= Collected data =
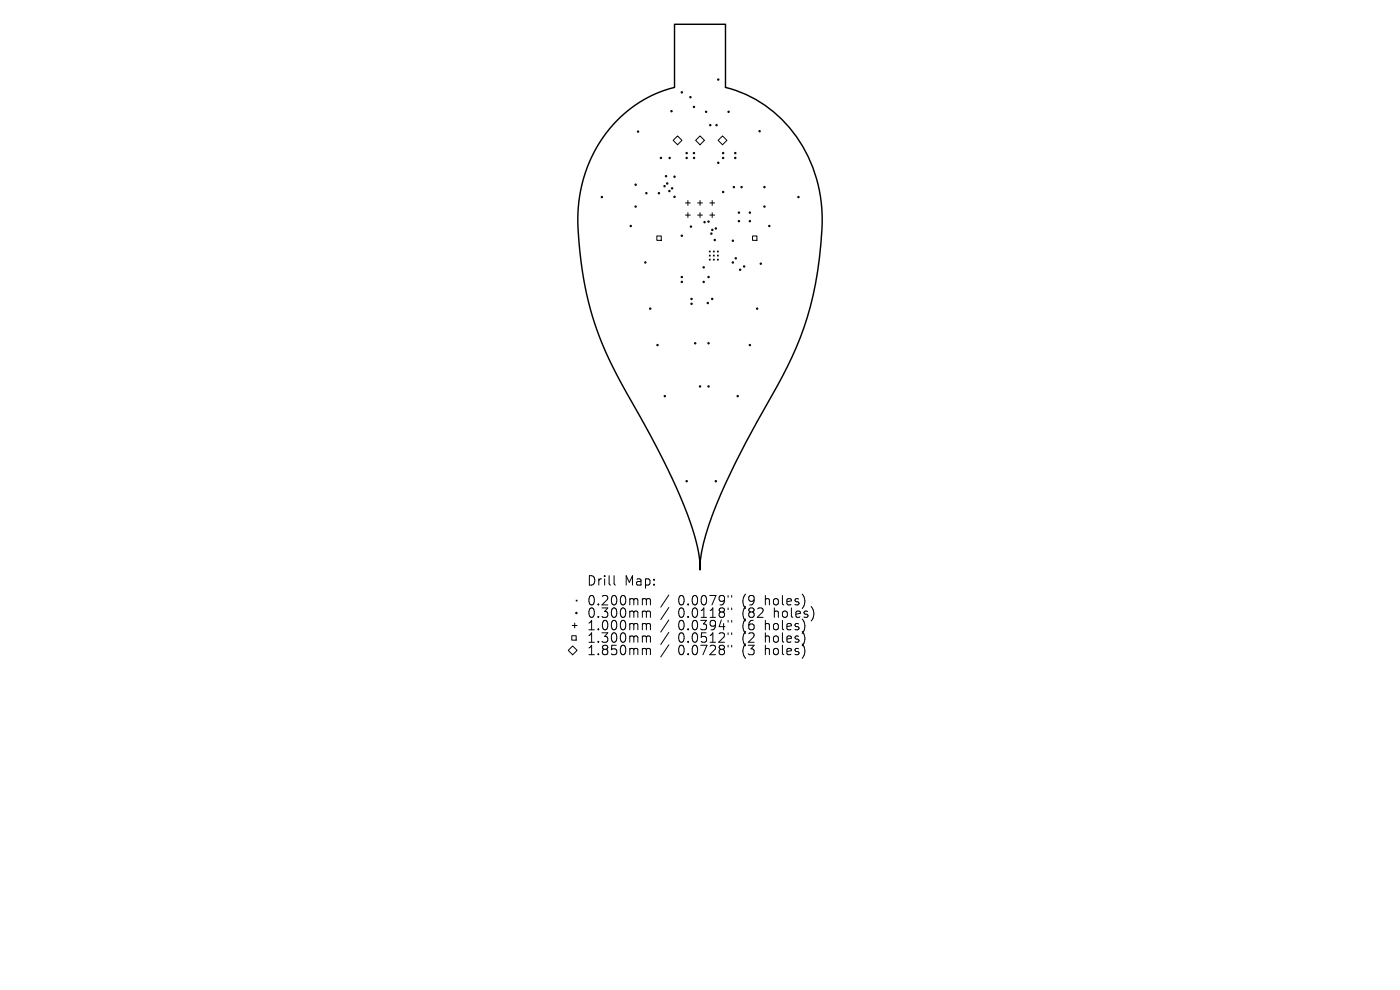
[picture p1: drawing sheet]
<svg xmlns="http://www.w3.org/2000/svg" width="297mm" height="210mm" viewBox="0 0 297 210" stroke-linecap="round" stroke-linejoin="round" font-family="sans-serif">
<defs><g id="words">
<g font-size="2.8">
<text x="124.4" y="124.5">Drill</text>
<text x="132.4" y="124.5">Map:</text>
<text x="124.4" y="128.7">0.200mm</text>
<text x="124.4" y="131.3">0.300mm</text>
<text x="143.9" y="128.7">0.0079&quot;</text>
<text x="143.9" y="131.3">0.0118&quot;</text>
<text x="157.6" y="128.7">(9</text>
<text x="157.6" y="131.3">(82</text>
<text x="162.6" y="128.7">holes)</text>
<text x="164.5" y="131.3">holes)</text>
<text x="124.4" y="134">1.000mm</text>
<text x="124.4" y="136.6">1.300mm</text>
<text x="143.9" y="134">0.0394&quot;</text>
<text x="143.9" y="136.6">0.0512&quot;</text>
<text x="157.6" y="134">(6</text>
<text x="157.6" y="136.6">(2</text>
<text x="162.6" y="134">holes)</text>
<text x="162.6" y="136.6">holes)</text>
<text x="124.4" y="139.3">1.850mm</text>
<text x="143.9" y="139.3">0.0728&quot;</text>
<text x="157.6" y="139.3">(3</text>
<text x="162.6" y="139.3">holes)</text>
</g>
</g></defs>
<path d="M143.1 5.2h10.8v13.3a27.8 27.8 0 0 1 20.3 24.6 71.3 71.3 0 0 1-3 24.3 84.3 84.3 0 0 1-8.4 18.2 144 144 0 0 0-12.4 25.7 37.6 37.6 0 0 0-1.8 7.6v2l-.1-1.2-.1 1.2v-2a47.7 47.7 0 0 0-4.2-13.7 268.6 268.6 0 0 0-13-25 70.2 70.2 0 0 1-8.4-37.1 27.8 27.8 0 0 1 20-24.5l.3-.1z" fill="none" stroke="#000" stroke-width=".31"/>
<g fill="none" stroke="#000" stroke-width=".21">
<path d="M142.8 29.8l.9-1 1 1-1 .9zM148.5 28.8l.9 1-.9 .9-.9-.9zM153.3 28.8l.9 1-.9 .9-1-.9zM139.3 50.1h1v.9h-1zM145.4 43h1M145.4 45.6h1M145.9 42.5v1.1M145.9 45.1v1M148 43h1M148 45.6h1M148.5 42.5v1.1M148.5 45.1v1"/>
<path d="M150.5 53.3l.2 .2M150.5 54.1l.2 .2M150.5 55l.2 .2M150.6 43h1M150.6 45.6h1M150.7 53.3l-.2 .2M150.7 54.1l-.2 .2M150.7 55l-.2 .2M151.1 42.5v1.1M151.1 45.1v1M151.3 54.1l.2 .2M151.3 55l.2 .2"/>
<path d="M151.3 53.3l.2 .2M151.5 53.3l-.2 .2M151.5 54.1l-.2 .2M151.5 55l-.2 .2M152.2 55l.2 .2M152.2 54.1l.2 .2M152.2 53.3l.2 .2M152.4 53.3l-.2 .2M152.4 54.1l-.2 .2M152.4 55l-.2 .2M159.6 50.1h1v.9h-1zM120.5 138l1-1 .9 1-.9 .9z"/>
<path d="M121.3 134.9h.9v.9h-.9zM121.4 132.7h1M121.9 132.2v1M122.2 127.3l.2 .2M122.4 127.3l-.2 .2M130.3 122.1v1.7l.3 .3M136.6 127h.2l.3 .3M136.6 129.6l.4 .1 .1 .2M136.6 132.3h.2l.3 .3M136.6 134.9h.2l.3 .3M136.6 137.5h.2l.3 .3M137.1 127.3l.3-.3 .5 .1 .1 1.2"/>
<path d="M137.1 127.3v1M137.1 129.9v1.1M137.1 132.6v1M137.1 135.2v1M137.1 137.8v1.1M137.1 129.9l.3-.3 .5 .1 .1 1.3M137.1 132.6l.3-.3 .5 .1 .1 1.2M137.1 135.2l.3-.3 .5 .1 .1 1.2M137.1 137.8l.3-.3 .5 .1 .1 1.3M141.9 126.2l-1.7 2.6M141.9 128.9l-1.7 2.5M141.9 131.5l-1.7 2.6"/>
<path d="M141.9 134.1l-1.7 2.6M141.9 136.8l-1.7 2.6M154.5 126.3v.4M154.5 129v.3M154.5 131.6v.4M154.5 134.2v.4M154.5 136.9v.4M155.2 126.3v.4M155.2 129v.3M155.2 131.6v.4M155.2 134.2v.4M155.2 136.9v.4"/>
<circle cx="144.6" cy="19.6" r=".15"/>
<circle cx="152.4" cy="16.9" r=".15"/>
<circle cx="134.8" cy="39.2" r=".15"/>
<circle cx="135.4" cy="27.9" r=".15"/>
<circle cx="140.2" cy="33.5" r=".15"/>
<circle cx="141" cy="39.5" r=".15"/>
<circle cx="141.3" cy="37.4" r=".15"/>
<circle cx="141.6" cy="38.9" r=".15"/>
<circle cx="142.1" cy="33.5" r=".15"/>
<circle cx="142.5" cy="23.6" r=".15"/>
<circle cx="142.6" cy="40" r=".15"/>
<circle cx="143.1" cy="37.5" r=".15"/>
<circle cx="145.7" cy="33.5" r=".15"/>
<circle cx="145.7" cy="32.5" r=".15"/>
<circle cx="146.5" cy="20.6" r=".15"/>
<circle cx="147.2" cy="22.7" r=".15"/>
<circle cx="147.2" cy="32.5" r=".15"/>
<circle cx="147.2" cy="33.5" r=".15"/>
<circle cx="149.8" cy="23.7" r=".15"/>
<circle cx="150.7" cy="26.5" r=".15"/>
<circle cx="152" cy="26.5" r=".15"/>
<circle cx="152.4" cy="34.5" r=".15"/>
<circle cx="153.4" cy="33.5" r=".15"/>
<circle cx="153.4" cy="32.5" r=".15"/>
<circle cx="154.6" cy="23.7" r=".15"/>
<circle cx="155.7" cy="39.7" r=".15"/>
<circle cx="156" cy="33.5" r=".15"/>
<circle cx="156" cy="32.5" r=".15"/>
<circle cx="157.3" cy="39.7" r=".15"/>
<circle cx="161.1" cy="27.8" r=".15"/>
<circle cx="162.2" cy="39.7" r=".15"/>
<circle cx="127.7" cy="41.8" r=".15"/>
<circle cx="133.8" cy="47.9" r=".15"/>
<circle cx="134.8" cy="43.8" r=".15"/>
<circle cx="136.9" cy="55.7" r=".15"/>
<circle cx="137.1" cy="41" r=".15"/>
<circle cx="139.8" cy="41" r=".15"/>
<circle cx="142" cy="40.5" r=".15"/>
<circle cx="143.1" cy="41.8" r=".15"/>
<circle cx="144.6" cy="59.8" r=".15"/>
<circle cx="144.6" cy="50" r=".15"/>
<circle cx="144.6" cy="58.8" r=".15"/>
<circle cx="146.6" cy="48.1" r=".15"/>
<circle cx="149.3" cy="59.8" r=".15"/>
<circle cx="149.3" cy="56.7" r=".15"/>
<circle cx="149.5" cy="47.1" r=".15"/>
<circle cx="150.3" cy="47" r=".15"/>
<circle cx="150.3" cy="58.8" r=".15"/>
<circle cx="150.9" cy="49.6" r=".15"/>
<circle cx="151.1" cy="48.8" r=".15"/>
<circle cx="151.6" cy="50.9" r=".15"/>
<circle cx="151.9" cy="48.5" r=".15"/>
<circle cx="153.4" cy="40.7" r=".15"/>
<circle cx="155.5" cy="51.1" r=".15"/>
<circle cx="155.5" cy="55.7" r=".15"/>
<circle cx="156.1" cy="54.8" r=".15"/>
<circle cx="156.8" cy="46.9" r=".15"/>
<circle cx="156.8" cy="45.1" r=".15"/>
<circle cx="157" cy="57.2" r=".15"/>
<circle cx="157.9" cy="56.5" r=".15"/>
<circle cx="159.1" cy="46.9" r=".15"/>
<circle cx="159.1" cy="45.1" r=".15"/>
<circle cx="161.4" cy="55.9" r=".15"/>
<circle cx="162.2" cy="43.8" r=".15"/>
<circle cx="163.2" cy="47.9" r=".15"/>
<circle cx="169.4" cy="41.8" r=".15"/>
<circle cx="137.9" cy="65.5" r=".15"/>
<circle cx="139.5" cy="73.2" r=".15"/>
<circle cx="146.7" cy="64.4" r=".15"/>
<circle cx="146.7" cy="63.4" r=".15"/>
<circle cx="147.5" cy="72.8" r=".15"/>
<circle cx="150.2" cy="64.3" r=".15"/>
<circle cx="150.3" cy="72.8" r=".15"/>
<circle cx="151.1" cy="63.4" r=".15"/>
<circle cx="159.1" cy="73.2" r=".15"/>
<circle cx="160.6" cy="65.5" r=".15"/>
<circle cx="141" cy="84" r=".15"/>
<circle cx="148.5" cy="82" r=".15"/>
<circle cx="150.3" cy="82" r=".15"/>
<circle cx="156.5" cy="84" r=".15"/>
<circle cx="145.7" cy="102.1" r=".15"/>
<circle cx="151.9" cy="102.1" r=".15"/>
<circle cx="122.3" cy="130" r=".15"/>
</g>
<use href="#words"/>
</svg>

= Requirement =
If a line in the data above contains "font", return that line.

= Response =
<svg xmlns="http://www.w3.org/2000/svg" width="297mm" height="210mm" viewBox="0 0 297 210" stroke-linecap="round" stroke-linejoin="round" font-family="sans-serif">
<g font-size="2.8">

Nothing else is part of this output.